Work instruction
Your output must be the line containing "- pillar with roof beam (749, 0, 788, 81)" followed by every later line in the entries below, all copied exactly.

Entries provided
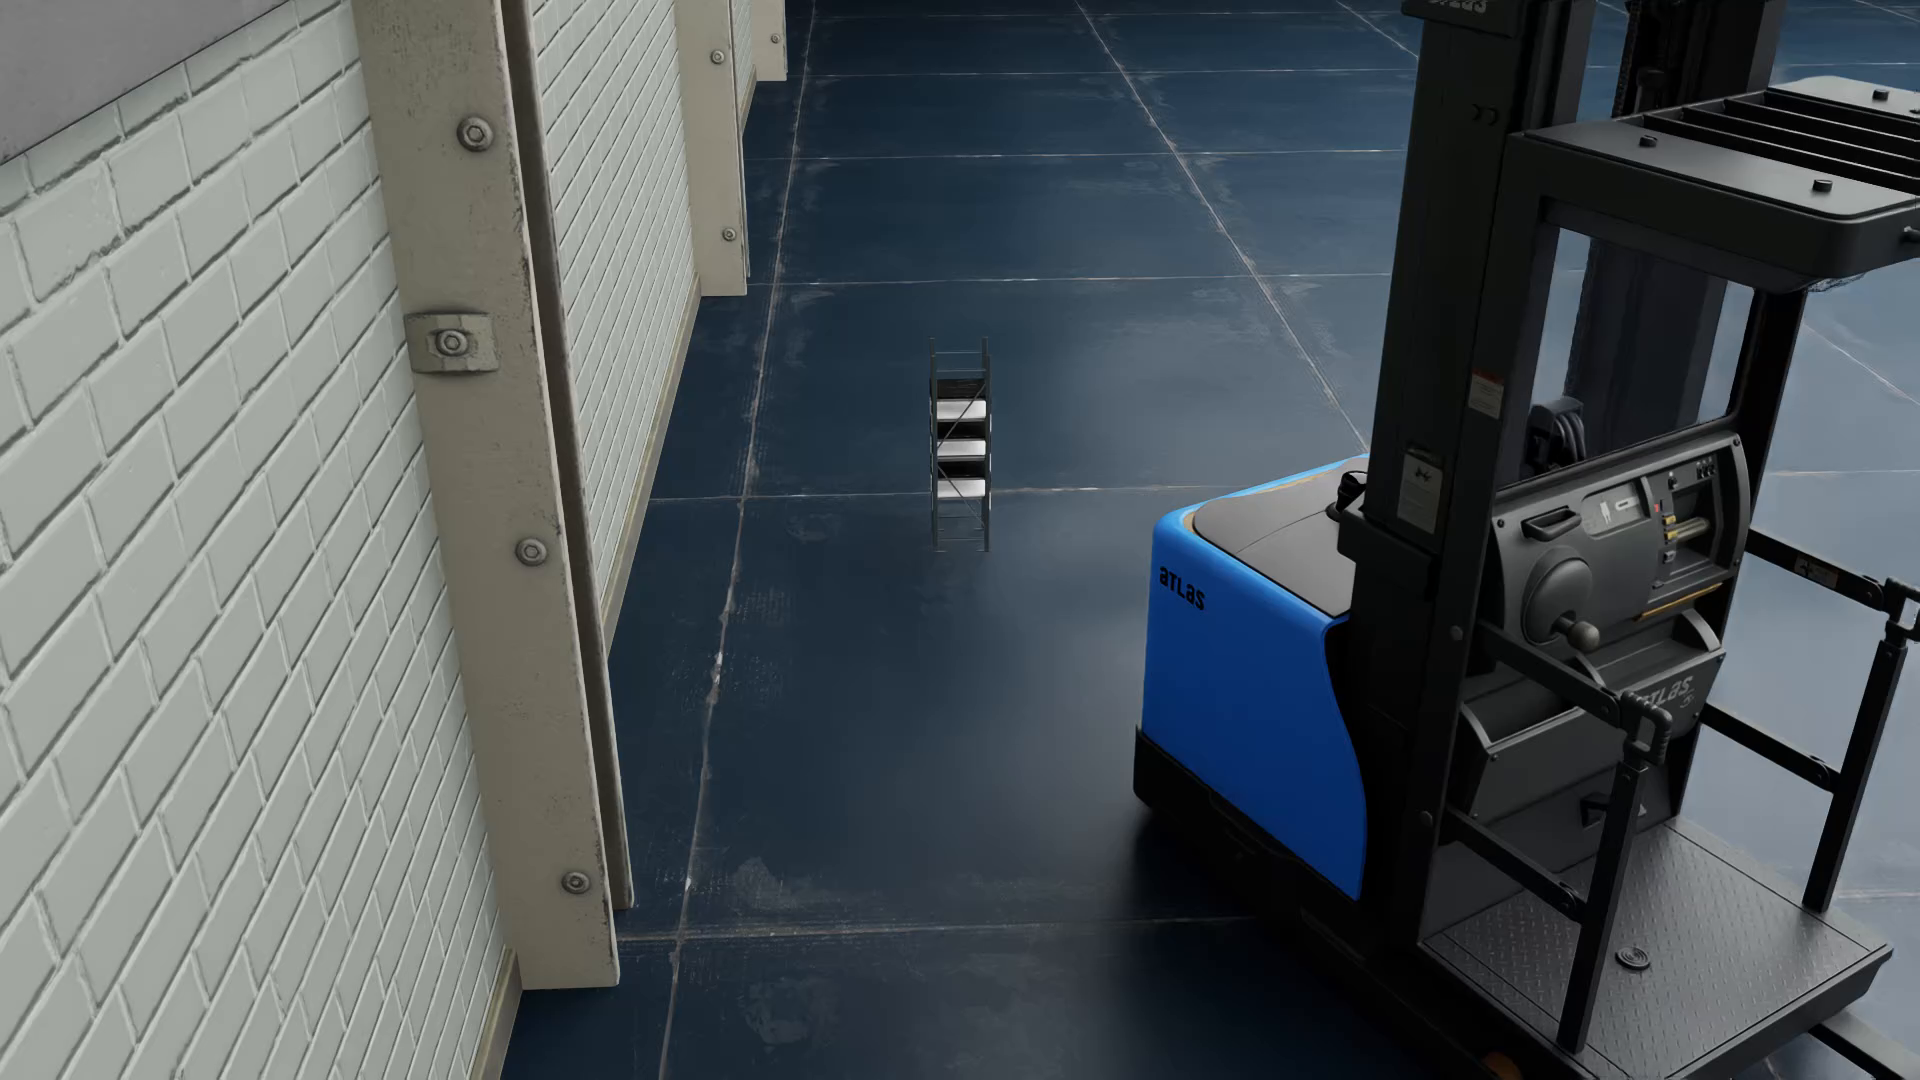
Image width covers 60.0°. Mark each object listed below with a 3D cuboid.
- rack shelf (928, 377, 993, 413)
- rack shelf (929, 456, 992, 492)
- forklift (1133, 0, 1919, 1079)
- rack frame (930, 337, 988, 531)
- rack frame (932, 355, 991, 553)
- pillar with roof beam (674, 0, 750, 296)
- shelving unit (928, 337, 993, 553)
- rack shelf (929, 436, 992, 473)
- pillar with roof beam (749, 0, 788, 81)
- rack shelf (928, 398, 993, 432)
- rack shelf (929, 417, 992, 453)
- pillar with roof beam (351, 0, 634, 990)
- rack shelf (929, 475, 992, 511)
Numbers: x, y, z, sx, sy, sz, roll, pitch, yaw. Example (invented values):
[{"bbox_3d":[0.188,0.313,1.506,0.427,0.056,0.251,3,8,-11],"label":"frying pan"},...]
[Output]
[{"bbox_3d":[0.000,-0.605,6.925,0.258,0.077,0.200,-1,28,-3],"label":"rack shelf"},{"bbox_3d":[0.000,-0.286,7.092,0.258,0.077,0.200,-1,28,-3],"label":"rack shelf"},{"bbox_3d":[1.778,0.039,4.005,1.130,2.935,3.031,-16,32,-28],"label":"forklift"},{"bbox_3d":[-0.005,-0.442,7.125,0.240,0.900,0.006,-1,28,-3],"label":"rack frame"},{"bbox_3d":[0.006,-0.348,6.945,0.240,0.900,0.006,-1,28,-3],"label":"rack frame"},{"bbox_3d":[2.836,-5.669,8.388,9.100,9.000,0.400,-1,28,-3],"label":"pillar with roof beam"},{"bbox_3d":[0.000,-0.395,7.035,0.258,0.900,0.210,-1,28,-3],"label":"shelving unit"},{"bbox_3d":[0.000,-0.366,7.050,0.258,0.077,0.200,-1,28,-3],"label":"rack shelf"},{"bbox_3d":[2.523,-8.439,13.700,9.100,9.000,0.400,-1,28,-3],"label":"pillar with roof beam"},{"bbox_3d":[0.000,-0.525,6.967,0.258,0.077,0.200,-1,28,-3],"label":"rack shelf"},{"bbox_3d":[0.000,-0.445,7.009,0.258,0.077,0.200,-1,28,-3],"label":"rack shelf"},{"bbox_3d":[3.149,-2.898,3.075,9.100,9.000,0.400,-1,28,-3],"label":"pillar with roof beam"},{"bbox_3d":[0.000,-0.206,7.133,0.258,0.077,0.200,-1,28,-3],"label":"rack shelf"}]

Answer to this problem
- pillar with roof beam (749, 0, 788, 81)
- rack shelf (928, 398, 993, 432)
- rack shelf (929, 417, 992, 453)
- pillar with roof beam (351, 0, 634, 990)
- rack shelf (929, 475, 992, 511)
Numbers: x, y, z, sx, sy, sz, roll, pitch, yaw. Example (invented values):
[{"bbox_3d":[0.188,0.313,1.506,0.427,0.056,0.251,3,8,-11],"label":"frying pan"},...]
[Output]
[{"bbox_3d":[0.000,-0.605,6.925,0.258,0.077,0.200,-1,28,-3],"label":"rack shelf"},{"bbox_3d":[0.000,-0.286,7.092,0.258,0.077,0.200,-1,28,-3],"label":"rack shelf"},{"bbox_3d":[1.778,0.039,4.005,1.130,2.935,3.031,-16,32,-28],"label":"forklift"},{"bbox_3d":[-0.005,-0.442,7.125,0.240,0.900,0.006,-1,28,-3],"label":"rack frame"},{"bbox_3d":[0.006,-0.348,6.945,0.240,0.900,0.006,-1,28,-3],"label":"rack frame"},{"bbox_3d":[2.836,-5.669,8.388,9.100,9.000,0.400,-1,28,-3],"label":"pillar with roof beam"},{"bbox_3d":[0.000,-0.395,7.035,0.258,0.900,0.210,-1,28,-3],"label":"shelving unit"},{"bbox_3d":[0.000,-0.366,7.050,0.258,0.077,0.200,-1,28,-3],"label":"rack shelf"},{"bbox_3d":[2.523,-8.439,13.700,9.100,9.000,0.400,-1,28,-3],"label":"pillar with roof beam"},{"bbox_3d":[0.000,-0.525,6.967,0.258,0.077,0.200,-1,28,-3],"label":"rack shelf"},{"bbox_3d":[0.000,-0.445,7.009,0.258,0.077,0.200,-1,28,-3],"label":"rack shelf"},{"bbox_3d":[3.149,-2.898,3.075,9.100,9.000,0.400,-1,28,-3],"label":"pillar with roof beam"},{"bbox_3d":[0.000,-0.206,7.133,0.258,0.077,0.200,-1,28,-3],"label":"rack shelf"}]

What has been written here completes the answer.